Task brief
Drop all images and give the records again exactly.

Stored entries
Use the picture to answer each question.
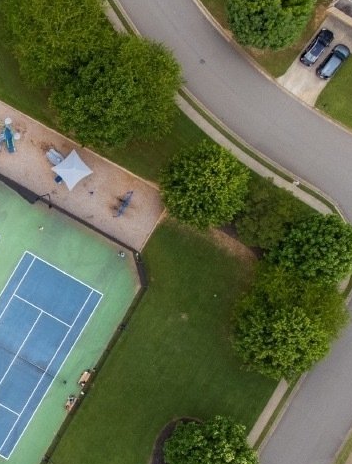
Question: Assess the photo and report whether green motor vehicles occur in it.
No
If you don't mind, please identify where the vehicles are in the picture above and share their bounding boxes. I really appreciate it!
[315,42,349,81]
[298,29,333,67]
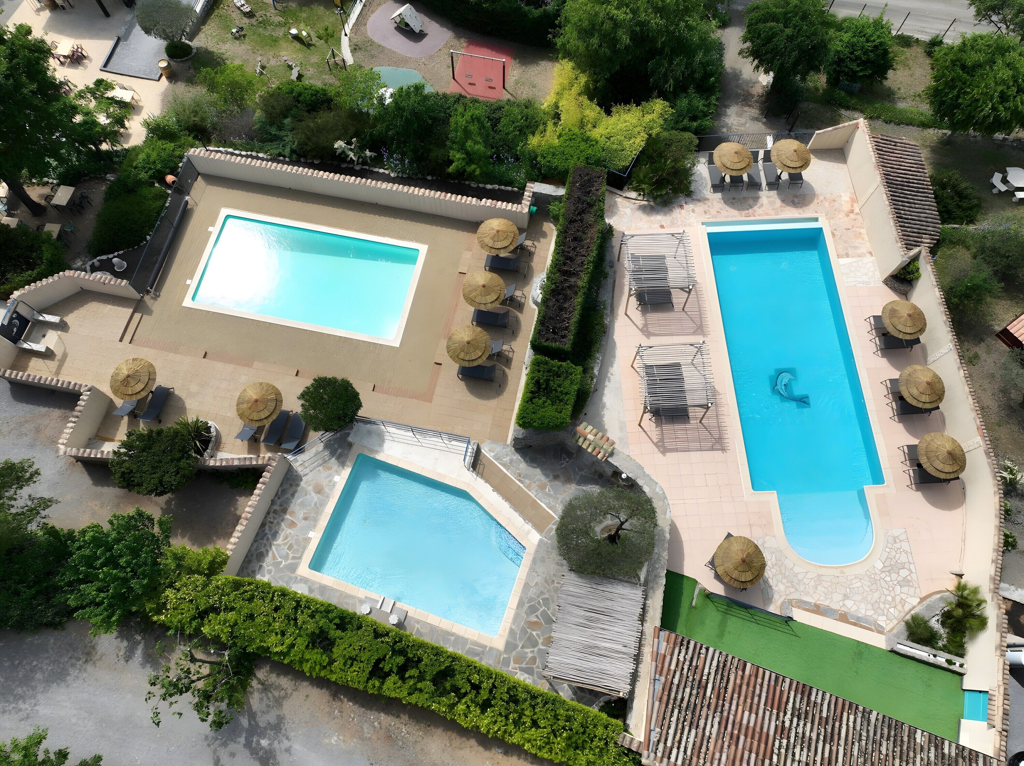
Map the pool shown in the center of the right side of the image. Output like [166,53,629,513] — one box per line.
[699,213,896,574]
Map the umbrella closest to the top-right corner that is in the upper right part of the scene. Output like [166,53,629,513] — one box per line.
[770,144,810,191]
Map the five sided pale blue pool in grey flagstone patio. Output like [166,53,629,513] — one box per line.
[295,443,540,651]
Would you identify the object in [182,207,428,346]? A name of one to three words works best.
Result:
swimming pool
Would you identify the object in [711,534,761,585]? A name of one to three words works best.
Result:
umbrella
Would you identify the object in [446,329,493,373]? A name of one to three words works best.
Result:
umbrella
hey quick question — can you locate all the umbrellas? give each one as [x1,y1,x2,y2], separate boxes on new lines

Result
Use the picture to answer each question.
Question: Assess the photo and report whether green motor vehicles occur in it.
No
If you don't mind, please identify where the vehicles are in the picture above and share their bounding boxes. I really appreciate it!
[315,42,349,81]
[298,29,333,67]
Map the pool shown in the center of the right side of the image. Output like [166,53,629,513] — one box per line.
[699,213,896,574]
Map the umbrella closest to the top-right corner that is in the upper right part of the scene. Output like [166,53,629,513] — one box per line.
[770,144,810,191]
Map the five sided pale blue pool in grey flagstone patio. Output like [166,53,629,513] — one box per line.
[295,443,540,651]
Would you identify the object in [182,207,428,346]? A name of one to three words works best.
Result:
swimming pool
Would you identify the object in [711,534,761,585]? A name of one to three words works best.
Result:
umbrella
Would you identify the object in [446,329,493,373]? A name of one to three words works best.
Result:
umbrella
hey quick question — can you locate all the umbrellas? give each one as [x1,y1,x2,y2], separate boxes on new lines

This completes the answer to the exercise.